Mitigating errors in logical qubits

TL;DR

This paper introduces exclusive decoders combined with post-selection for surface code quantum error correction, achieving high thresholds, reduced resource requirements, and demonstrating potential for scalable quantum computing.

Contribution

It develops a novel family of exclusive decoders with post-selection, quantifies their performance, and applies them to improve magic state distillation and other quantum error correction tasks.

Findings

Achieves a 50% threshold under depolarizing noise with exclusive decoders.

Demonstrates up to quadratic improvement in logical failure rates below threshold.

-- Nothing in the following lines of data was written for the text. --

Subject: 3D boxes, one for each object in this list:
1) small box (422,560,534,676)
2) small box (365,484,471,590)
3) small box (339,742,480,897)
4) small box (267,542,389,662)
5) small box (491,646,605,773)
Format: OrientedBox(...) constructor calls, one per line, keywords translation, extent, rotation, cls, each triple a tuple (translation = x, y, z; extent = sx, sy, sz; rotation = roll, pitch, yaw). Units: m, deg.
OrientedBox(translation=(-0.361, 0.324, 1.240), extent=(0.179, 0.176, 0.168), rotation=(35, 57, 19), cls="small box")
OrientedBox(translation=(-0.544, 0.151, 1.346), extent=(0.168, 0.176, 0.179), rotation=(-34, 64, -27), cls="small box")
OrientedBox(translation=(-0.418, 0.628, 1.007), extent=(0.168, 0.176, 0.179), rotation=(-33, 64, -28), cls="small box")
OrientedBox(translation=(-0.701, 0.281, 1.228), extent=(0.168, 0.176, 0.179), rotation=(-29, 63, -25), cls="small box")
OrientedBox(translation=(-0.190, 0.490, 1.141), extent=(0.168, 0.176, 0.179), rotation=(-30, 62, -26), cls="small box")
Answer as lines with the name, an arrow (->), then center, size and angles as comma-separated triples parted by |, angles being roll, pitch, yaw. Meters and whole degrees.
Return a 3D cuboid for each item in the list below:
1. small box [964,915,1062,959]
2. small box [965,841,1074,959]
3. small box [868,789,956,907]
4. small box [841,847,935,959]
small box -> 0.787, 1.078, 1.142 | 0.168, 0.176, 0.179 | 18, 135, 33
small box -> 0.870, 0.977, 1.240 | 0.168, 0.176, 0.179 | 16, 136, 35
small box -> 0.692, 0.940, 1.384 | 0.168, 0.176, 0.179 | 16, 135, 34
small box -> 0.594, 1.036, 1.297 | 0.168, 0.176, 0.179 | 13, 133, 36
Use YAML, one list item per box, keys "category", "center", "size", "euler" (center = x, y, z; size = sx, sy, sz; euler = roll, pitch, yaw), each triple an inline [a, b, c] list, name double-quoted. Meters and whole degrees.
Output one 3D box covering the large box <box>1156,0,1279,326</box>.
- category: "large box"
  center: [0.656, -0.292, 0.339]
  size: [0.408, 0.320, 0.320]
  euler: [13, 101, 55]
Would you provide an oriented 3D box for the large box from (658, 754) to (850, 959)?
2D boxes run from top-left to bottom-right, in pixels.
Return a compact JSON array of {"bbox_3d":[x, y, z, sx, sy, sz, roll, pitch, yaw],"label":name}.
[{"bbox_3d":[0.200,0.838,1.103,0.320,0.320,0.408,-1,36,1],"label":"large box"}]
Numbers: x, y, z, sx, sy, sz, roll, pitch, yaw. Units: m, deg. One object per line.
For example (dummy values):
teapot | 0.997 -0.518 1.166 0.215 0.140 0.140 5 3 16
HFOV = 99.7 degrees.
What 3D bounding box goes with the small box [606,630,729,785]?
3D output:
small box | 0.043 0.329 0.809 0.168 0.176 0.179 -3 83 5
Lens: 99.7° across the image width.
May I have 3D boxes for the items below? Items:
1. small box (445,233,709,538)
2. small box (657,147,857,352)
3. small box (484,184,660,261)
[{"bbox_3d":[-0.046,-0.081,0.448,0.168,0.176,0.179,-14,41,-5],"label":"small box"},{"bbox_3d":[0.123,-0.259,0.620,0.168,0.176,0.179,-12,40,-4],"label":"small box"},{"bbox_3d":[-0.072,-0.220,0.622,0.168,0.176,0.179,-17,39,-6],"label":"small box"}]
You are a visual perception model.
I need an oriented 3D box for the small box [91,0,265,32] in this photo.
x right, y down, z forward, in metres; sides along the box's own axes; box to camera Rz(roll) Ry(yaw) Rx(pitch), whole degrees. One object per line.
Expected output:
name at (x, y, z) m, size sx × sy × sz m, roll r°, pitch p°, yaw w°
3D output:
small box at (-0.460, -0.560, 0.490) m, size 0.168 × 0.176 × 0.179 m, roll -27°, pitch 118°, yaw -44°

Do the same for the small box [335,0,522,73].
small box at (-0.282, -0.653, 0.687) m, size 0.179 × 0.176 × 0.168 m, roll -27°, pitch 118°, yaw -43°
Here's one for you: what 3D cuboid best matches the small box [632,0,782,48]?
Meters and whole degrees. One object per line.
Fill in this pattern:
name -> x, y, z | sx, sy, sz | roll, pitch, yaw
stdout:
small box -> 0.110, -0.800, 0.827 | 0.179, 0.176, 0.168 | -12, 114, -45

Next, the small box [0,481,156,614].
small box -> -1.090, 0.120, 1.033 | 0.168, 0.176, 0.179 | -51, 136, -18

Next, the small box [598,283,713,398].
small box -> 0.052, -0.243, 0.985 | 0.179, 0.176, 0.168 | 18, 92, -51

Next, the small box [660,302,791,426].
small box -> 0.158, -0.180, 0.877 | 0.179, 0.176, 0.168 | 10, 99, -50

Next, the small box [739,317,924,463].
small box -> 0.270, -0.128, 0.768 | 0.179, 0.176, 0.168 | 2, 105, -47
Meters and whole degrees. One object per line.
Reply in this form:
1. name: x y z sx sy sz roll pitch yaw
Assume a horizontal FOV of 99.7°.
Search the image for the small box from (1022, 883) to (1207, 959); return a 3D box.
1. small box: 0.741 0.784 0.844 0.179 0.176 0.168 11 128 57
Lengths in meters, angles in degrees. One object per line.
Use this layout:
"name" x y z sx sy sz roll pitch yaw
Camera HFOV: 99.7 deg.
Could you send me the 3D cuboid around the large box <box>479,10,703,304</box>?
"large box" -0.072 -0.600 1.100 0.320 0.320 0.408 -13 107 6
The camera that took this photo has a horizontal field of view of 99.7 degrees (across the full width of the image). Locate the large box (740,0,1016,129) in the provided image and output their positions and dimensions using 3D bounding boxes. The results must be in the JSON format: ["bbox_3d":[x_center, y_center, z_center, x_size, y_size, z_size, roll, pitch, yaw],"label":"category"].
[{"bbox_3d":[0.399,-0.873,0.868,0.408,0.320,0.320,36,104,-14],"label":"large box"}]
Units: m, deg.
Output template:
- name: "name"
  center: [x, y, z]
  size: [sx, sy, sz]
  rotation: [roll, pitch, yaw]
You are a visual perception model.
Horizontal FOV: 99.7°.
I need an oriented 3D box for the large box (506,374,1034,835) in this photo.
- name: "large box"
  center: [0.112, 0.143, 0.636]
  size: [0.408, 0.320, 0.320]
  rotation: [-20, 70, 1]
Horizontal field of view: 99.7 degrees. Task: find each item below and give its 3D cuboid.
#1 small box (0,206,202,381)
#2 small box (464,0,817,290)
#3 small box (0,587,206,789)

Reports 75% reduction in physical qubits for magic state distillation.

Abstract

Quantum error correcting codes protect quantum information, allowing for large quantum computations provided that physical error rates are sufficiently low. We combine post-selection with surface code error correction through the use of a parameterized family of exclusive decoders, which are able to abort on decoding instances that are deemed too difficult. We develop new numerical sampling methods to quantify logical failure rates with exclusive decoders as well as the trade-off in terms of the amount of post-selection required. For the most discriminating of exclusive decoders, we demonstrate a threshold of 50\% under depolarizing noise for the surface code (or $32(1)\%$ for the fault-tolerant case with phenomenological measurement errors), and up to a quadratic improvement in logical failure rates below threshold. Furthermore, surprisingly, with a modest exclusion criterion, we identify a regime at low error rates where the exclusion rate decays with code distance, providing a pathway for scalable and time-efficient quantum computing with post-selection. We apply our exclusive decoder to the 15-to-1 magic state distillation protocol, and report a $75\%$ reduction in the number of physical qubits required, and a $60\%$ reduction in the total spacetime volume required, including accounting for repetitions required for post-selection. We also consider other applications, as an error mitigation technique, and in concatenated schemes. Our work highlights the importance of post-selection as a powerful tool in quantum error correction.